In the meantime, city officials discover that Tremaine has gained hold of a nuclear explosive and a small missile, which he plans to launch into downtown Detroit unless he obtains a ransom. Cop Damien Collier is sent undercover to free Lino so the two can destroy the bomb together. They two escape from a police van and face off against Tremaine and his gang to free Lola and defuse the bomb. Damien discovers that Tremaine never planned to launch it, and that Damien was sent to unknowingly launch the missile into the Brick Mansions to clear the area for upscale development. Damien also finds out his late father was killed by his fellow officers, and the mayor of Detroit was behind both plots. Damien, Lino, and Tremaine confront the mayor and get him to admit his plan while secretly recording his statements. The mayor is arrested. Brick Mansions is welcomed back into the city. Tremaine runs for Mayor of Detroit, promoting the idea of equality and freedom.

==Production==
Principal photography began on April 30, 2013, in Montreal. The film was released in 2014 by EuropaCorp. Relativity Media distributed the film. Following Paul Walker's death, the North American release was scheduled for February and French release for April 23. On February 6, 2014, Relativity and EuropaCorp announced a move to April 25, 2014, as a release date for the film, along with paying the cost of the film's world premiere and distribution.

==Release==
The first official trailer was released on February 13, 2014, featuring the DJ Snake and Lil Jon song "Turn Down for What". The second full trailer was released on March 20, 2014.

==Reception==
On Rotten Tomatoes, the film has an approval rating of 25% based on 95 reviews, with an average rating of 4.43/10. The website's critics' consensus reads: "Choppily edited and largely bereft of plot, Brick Mansions wastes a likable cast on a pointless remake of the far more entertaining District B13." On Metacritic, the film has a weighted average score of 40 out of 100, based on 28 critics, indicating "mixed or average" reviews. Audiences surveyed by CinemaScore gave the film a grade B+ on scale of A to F.

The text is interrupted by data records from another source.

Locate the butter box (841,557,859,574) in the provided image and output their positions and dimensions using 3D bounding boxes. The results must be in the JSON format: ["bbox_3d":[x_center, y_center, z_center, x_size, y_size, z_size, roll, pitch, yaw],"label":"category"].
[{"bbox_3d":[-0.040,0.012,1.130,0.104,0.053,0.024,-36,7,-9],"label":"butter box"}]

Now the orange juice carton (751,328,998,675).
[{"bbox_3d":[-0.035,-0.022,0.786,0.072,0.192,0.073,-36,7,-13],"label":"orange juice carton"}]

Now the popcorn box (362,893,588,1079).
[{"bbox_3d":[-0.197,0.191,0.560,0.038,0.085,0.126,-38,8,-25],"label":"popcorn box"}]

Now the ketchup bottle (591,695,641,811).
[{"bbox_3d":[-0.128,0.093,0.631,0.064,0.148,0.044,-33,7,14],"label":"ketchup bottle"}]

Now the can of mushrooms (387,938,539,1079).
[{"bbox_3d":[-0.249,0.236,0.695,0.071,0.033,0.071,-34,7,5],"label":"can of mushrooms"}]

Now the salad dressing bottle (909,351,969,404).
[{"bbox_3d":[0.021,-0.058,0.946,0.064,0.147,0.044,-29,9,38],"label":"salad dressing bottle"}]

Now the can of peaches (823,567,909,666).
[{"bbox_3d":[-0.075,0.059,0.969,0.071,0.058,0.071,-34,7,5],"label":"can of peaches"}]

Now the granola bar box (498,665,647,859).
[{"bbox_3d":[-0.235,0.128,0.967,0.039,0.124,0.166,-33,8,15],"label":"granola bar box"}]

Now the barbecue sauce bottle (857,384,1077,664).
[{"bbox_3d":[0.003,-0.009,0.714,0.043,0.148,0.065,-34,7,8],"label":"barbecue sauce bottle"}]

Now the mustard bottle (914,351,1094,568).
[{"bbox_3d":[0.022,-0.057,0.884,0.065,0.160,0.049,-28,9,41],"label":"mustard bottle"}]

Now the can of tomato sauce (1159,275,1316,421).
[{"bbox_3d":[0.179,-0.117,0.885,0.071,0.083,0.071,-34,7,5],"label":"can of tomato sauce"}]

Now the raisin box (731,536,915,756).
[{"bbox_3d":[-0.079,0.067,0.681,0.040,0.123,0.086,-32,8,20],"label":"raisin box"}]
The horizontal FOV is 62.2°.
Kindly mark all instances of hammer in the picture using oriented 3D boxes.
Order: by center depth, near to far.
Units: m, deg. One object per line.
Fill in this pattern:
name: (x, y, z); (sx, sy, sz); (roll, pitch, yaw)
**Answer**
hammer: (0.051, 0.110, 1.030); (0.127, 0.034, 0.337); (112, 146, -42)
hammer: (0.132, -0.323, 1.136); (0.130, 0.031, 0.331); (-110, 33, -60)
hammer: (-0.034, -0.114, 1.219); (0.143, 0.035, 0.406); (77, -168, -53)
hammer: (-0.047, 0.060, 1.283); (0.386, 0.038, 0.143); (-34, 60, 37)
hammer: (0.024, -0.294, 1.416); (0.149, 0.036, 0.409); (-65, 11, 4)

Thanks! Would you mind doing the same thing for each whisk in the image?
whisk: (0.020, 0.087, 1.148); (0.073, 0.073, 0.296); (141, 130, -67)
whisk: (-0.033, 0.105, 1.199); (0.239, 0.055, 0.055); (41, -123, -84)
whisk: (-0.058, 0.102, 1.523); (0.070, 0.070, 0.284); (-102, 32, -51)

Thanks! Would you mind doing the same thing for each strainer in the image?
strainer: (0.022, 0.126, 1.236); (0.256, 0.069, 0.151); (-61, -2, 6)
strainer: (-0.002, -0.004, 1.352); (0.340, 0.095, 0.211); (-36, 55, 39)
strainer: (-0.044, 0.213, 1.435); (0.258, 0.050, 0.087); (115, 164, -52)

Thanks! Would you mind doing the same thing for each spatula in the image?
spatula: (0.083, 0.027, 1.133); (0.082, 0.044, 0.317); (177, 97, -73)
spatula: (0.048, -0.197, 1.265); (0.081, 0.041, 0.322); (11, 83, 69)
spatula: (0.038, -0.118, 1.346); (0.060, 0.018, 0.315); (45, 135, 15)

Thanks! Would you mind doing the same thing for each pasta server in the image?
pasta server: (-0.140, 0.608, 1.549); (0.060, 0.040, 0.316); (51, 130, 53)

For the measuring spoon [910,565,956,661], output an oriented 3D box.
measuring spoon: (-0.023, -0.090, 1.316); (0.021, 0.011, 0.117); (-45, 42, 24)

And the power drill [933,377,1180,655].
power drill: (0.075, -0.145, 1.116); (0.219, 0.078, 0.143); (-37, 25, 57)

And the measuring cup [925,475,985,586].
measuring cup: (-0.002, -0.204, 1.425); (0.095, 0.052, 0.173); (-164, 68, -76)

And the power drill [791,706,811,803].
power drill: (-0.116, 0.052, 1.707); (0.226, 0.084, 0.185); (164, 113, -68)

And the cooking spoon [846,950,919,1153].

Critic Jennifer Rodman, considered the film a "watered-down American version, similar in many forms...a huge disappointment". Andrew Pulver wrote in The Guardian, "to be honest, Brick Mansions is not a great film — it kind of skimps on the parkour, the main reason why anyone went to see District 13." Varietys Justin Chang called the film "propulsively entertaining" but was critical of the "aggressive cutting technique" which fails to allow audiences to fully appreciate the stuntwork and movements of the actors. Mick Lasalle of The San Francisco Chronicle wrote, "The movie itself makes that impossible to forget. There are cars all over the movie - car chases, car crashes, crazy driving, a scene of Walker hanging from a speeding car, and even a scene of Walker and another guy going 80 miles an hour when the brakes and the steering give out. Apart from that, there's just the awkwardness of looking at someone on screen and knowing more about him than he knows about himself." Lasalle concluded, "Things start silly and end up laughable and ridiculous." A. O. Scott of The New York Times wrote, "this movie, a remake of the 2004 French franchise-starter District B13, can be enjoyably crazy in its hectic, cartoonish way" but it is also "brawny, dumb and preposterous."